Select a board and then look at the URL of the pinterest board, it should be something like `https://www.pinterest.co.uk/user_id/board_id/`, use the URL as an argument for the command below:

For example, `!gallery-dl https://www.pinterest.co.uk/bbuechi/chair-design/ --filter "extension in ('jpg', 'png', 'gif')"`  

You can early stop it if there're too many images in the board, but typically you'll need at least a few hundreds of images for one class

In [None]:
# make sure to replace the URL to the board you found!

!gallery-dl https://www.pinterest.co.uk/______/______/ --filter "extension in ('jpg', 'png', 'gif')"

### Step 3: Resize downloaded images and save them into the respective class folder 

After downloading, you will see a folder called `gallery-dl` which contains the subfolder `gallery-dl/pinterest/user-id/board name`. Inside you'll find the images you have just downloaded (you will need to change **user-id** and **board-id** to whatever you have downloaded).

We're going to put these images into a subfolder in your dataset folder, the name of this subfolders is going to be the name of this class (e.g. put all images of cat into a folder named 'cat')

Some images may be too large in its resolution, we can scale them down at this stage to speed up the training.

The following code will check images we downloaded, resize them to a reasonable size, and save them into the dataset folder we created.

Make sure to **edit the following code with the correct path to your image folder**:

In [12]:
# change this to the correct path to the folder of images you downloaded
source_folder = f"./gallery-dl/pinterest/______/______"

# change this to a name of this category, it is up to you
# this is going to be the name of the subfolder
class_name = '______' 

# we want to crop the images to this resolution
target_resolution = 128

In [None]:
target_folder = os.path.join(my_dataset_path, class_name)

# create a class folder if it doesnt exist
try:
    os.mkdir(target_folder)
    print(f'{target_folder} created')
except FileExistsError:
    print(f'{target_folder} already existed')
     
print(f'source folder: {source_folder}')
print(f'target folder: {target_folder}')

count = len(os.listdir(target_folder))
print(f'{count} files in the target_folder')
valid_file_type = [".jpg", ".gif", ".png"]

for i, f in enumerate(os.listdir(source_folder)):
    
    # check the file extension
    ext = os.path.splitext(f)[1]
    if ext.lower() not in valid_file_type:
        continue
    
    # load and resize an image from the source folder
    img = Image.open(os.path.join(source_folder,f)).convert('RGB')
    img = resize(img, target_resolution)
    
    # save the resized image into target folder
    img.save(f'{target_folder}/{count:05}.jpg')
    
    if count % 100 == 0:
        print(f'processing the first {count+100} images...')
        
    count += 1  
    
print(f'saved {count} images into {target_folder}')

#### Step 4: Repeat

Repeat steps 2 & 3 until you have **at least two categoies**. You may need to download more than 1 board for each category to get enough number of images.

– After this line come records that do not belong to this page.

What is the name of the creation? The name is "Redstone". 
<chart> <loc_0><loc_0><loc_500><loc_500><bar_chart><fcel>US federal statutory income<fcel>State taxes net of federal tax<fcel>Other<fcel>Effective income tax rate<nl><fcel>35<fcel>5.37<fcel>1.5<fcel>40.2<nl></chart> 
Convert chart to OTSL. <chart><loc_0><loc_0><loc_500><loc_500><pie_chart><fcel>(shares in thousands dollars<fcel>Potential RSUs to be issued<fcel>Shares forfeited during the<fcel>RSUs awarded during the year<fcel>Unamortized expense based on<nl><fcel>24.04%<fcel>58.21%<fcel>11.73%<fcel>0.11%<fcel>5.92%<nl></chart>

A common rule of thumb is that you need at least a few hundreds of images per category to train an effective classifier. 

**Don't forget to look at the data before training!** Make sure that the dataset you have collected contains the thing that you actually want to be there. It is very easy for junk or data samples that aren't actually of the class you want to be in there. You may have to do some manual data cleaning to remove unwanted samples if you are serious about training an effective image classifier. 

After completion you can go ahead and delete the folder `gallery-dl`.